Illumina Mammals and birds
Description
Sequencing parameters:
- Platform: Illumina
- Read-length: paired-end 150bp or longer
- Targets: mammals, birds
Relevant publications:
- Development of a DNA metabarcoding method for the identification of fifteen mammalian and six poultry species in food
- Identification of Mammalian and Poultry Species in Food and Pet Food Samples Using 16S rDNA Metabarcoding
- Benchmarking and Validation of a Bioinformatics Workflow for Meat Species Identification Using 16S rDNA Metabarcoding
- Interlaboratory Validation of a DNA Metabarcoding Assay for Mammalian and Poultry Species to Detect Food Adulteration
- Detection of adulterated meat products by a next-generation sequencing-based metabarcoding analysis within the framework of the operation OPSON X: a cooperative project of the German National Reference Centre for Authentic Food (NRZ-Authent) and the competent German food control authorities
Official Methods:
- Amtliche Sammlung von Untersuchungsverfahren: BVL L 00.00-184 (German)
Run with:
--primer_set amniotes_dobrovolny
For example:
nextflow run bio-raum/FooDMe2 \
-r main \
-profile myprofile \ # (1)!
--input samples.tsv \
--primer_set amniotes_dobrovolny
- See the installation guide for more details on this parameter
Configuration
Following parameters are set to a different value than default when running this method:
database
: MIDORI`s LRNA (16S ribosomal subunit)max_expected_errors
: 2amplicon_min_length
: 65amplicon_max_length
: 110primers_fasta
:/assets/primers/amniotes_dobrovolny.fasta
taxid_filter
: 32524 (Amniotes)cutadapt_trim_3p
: true
Validation
Mammals and birds 16S Illumina metabarcoding, method from Dobrovolny paper with the dataset from the FooDMe1 paper.
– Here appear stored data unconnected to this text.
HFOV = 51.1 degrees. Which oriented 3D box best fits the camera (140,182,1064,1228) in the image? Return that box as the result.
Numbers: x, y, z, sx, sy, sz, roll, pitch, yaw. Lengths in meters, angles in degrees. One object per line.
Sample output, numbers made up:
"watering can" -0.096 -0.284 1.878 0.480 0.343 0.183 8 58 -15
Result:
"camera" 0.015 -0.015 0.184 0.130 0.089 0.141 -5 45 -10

For this method, a benchmarking (or validation) profile is provided in the FooDMe2 distribution:
Running this will fetch the dataset from ENA, run the workflow with the amniotes_dobrovolny
preconfiguration and then compare the resutls to the expected composition defined under assets/validation/dobrovolny_benchmark_groundtruth.csv
. A noise filter fo 0.1% of the total read number is applied to each sample and the composition is matched to up to the genus level.
In the resulting Excel file we can quickly count the number of TP, FP and FN and calculate precision and recall for the analysis:
- | Expect Positive | Expect negative |
---|---|---|
Predicted Positive | 524 | 31 |
Predicted Negative | 19 | - |
Which means a precision of 94.4% and recall of 96.5% out of the box.
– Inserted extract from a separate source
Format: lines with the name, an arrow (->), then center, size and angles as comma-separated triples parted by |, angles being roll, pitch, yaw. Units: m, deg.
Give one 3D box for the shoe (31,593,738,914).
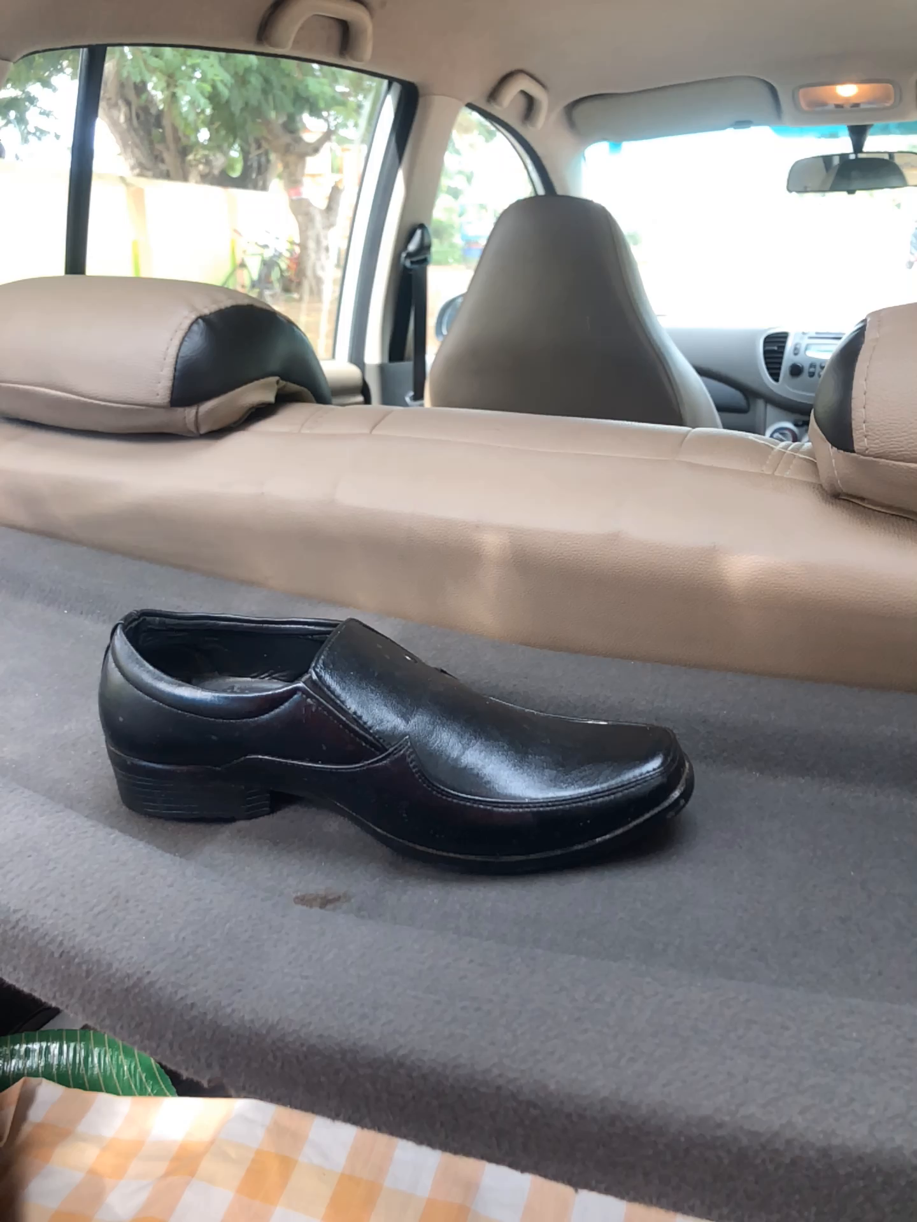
shoe -> -0.030, 0.056, 0.472 | 0.300, 0.080, 0.101 | 4, 21, 12

However there are 14 FN occurences of fallow deer (Dama dama) in the table, which was not amplified in the initial method and therefore cannot be detected. These can be ignored for the validation.
Another problem in this dataset is that Kangaroo (Macropodidae), a family node, was expected with no information on the species, this results in a negative results in the benchmarking tools. We can correct this be converting all FP results for Kangaroo into FP (if a kangaroo speice was detected of course), these are all 17 occurences where either of Macropus giganteus, Osphranter robusuts, or Osphranter rufus were detected.
The corrected confusion table now looks like this:
- | Expect Positive | Expect negative |
---|---|---|
Predicted Positive | 541 | 14 |
Predicted Negative | 5 | - |
Now resulting in a precision of 97.4% and a recall of 99.1%.